═════ Supplied material

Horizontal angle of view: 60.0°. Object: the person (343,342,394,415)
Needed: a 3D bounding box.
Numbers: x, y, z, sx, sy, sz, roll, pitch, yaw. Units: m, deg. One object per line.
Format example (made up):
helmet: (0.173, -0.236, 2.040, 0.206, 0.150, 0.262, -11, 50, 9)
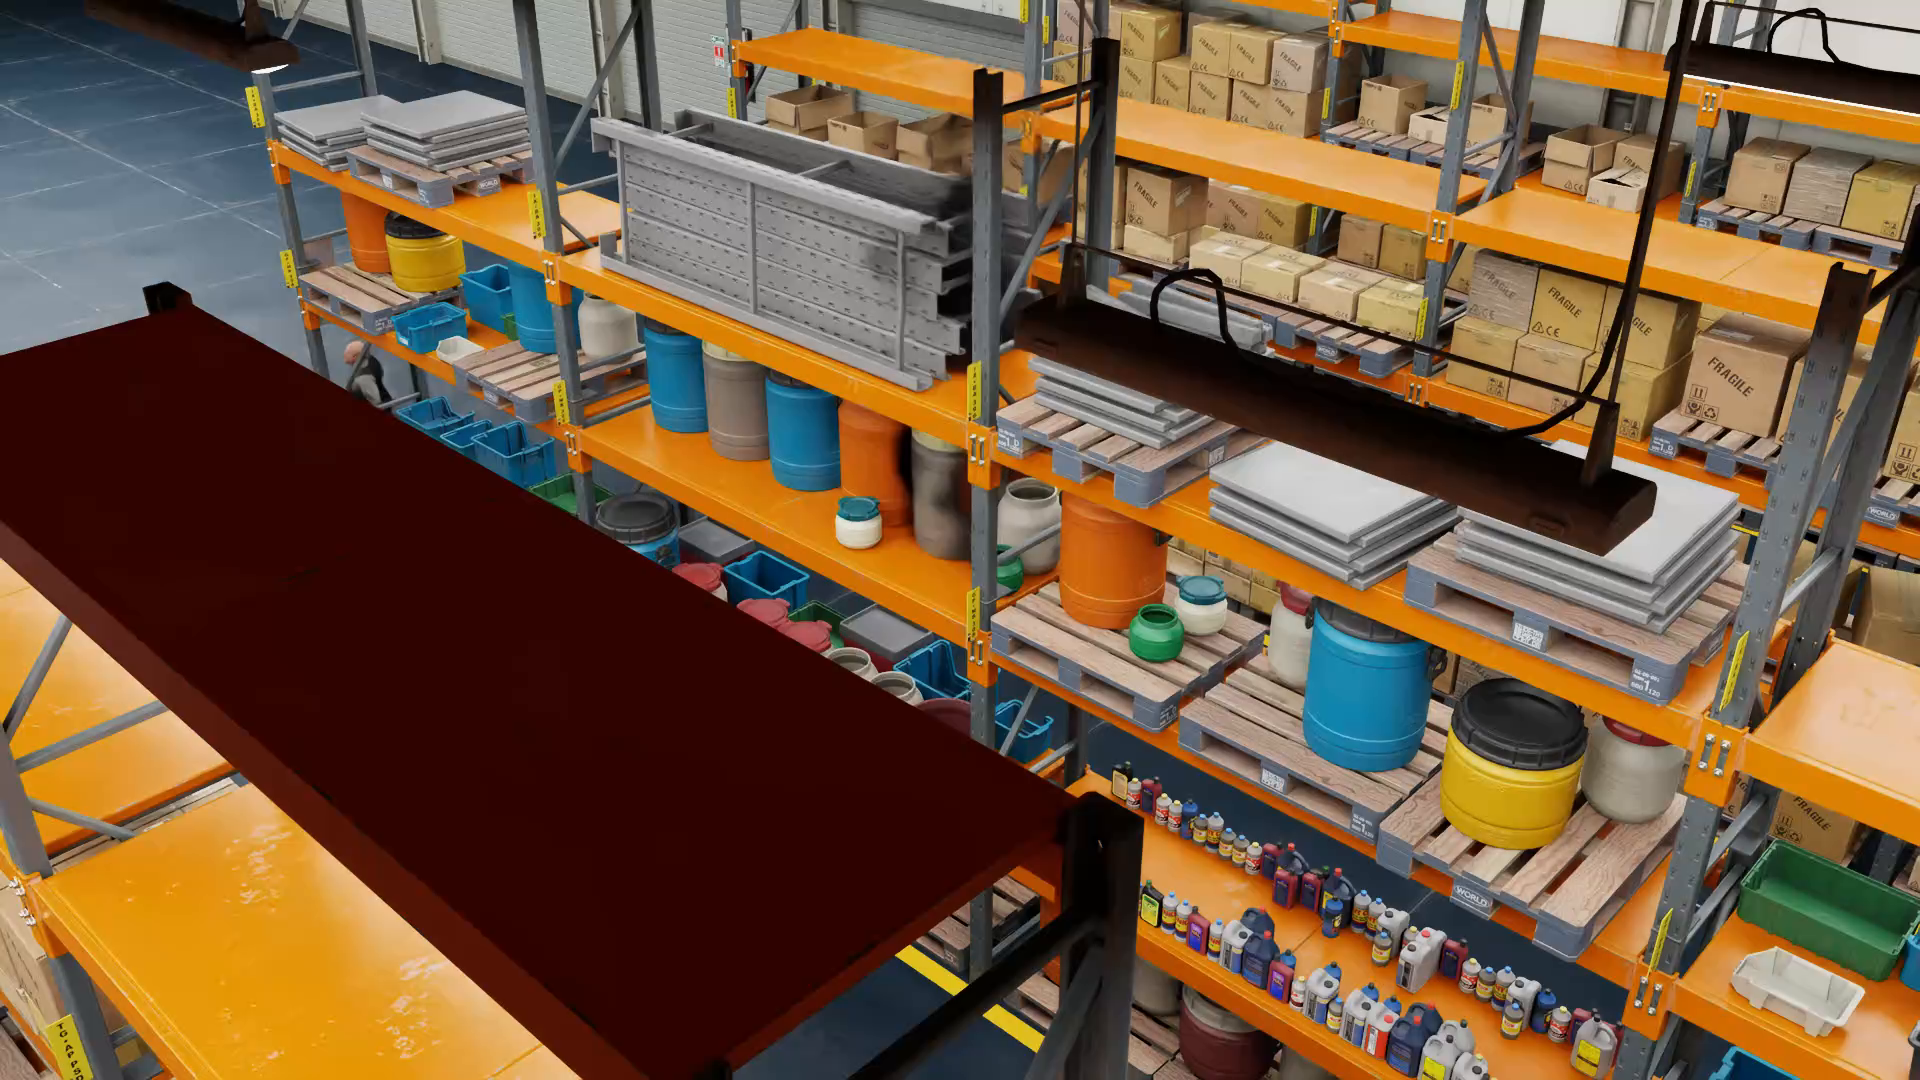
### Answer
person: (-5.860, -1.259, 16.807, 0.842, 1.666, 0.697, -1, 29, -2)
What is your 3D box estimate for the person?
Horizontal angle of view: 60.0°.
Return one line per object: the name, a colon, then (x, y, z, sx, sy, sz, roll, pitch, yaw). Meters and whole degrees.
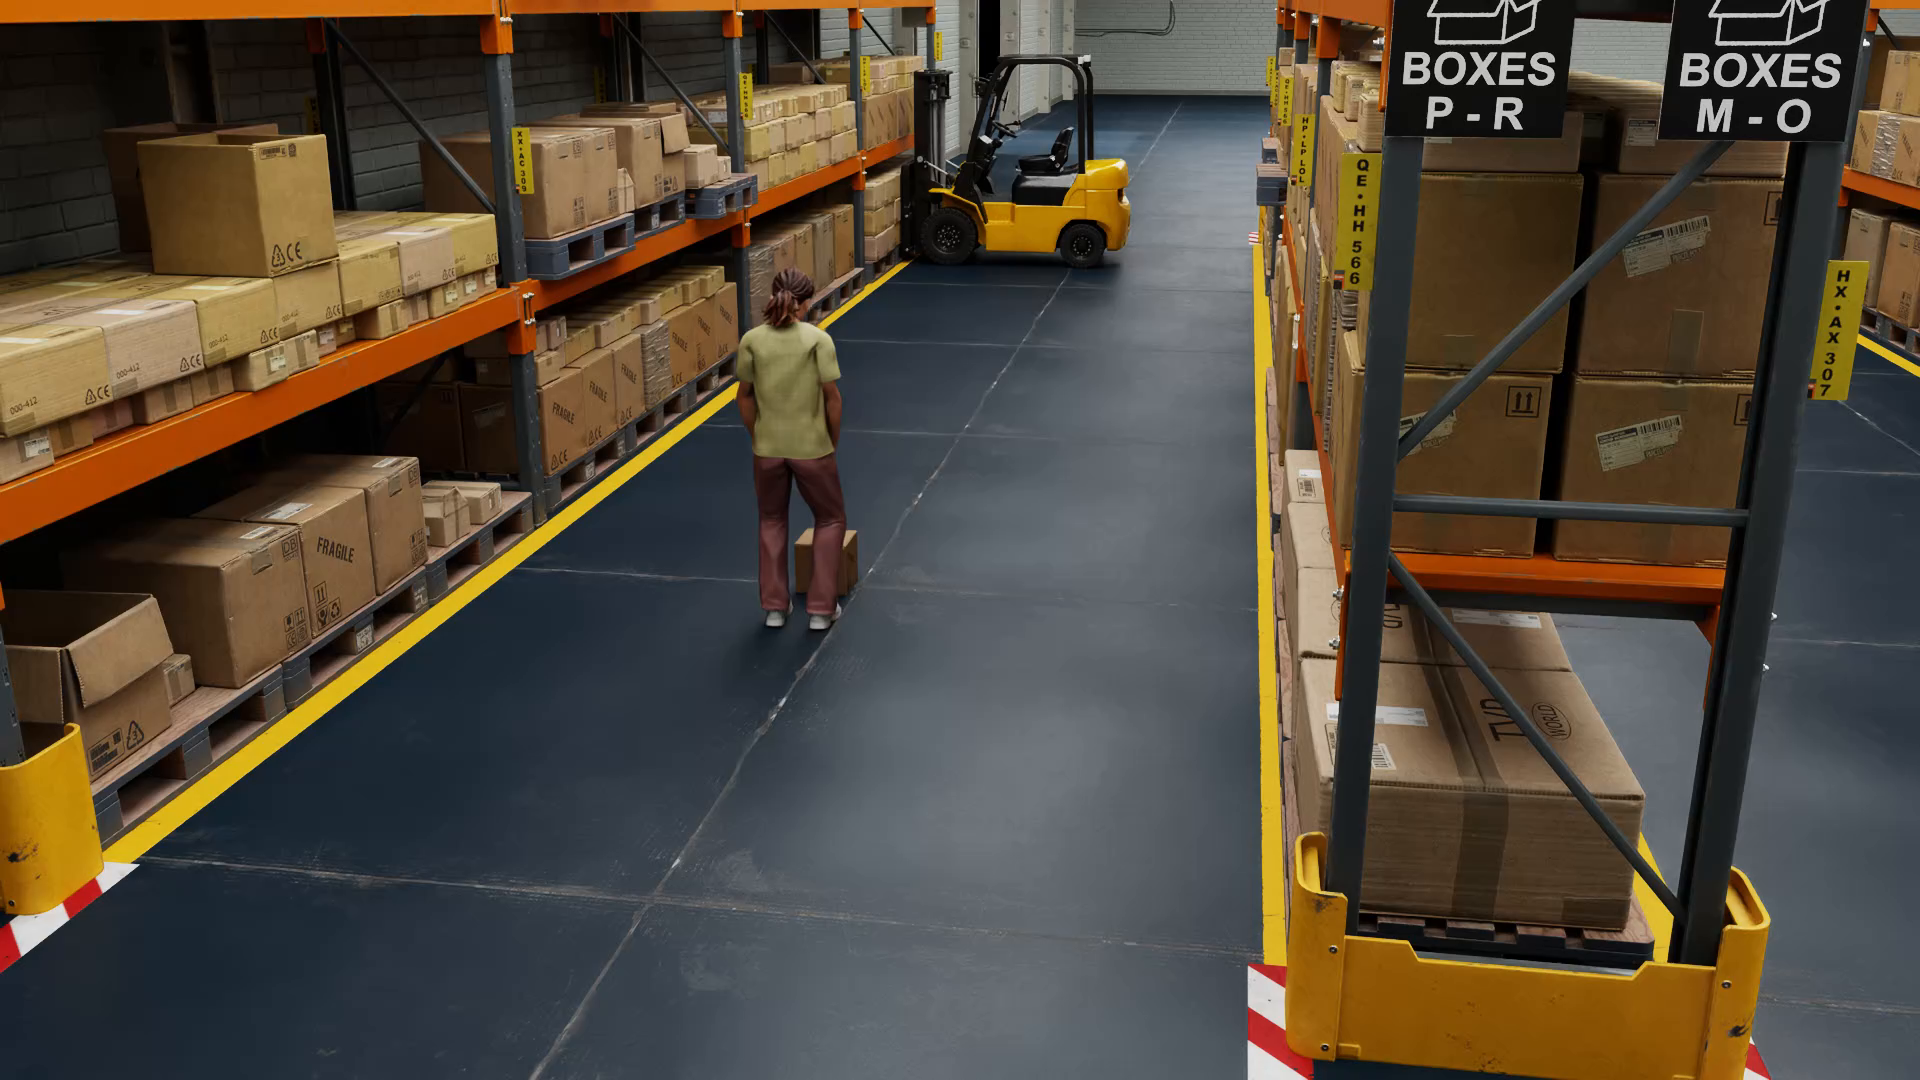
person: (-0.752, -0.397, 7.413, 0.478, 1.603, 0.426, 3, 18, 10)

══════════

§ Your instructions: Filter the records above and copy every line that contains the word "view".

§ Response:
Horizontal angle of view: 60.0°. Object: the person (343,342,394,415)
Horizontal angle of view: 60.0°.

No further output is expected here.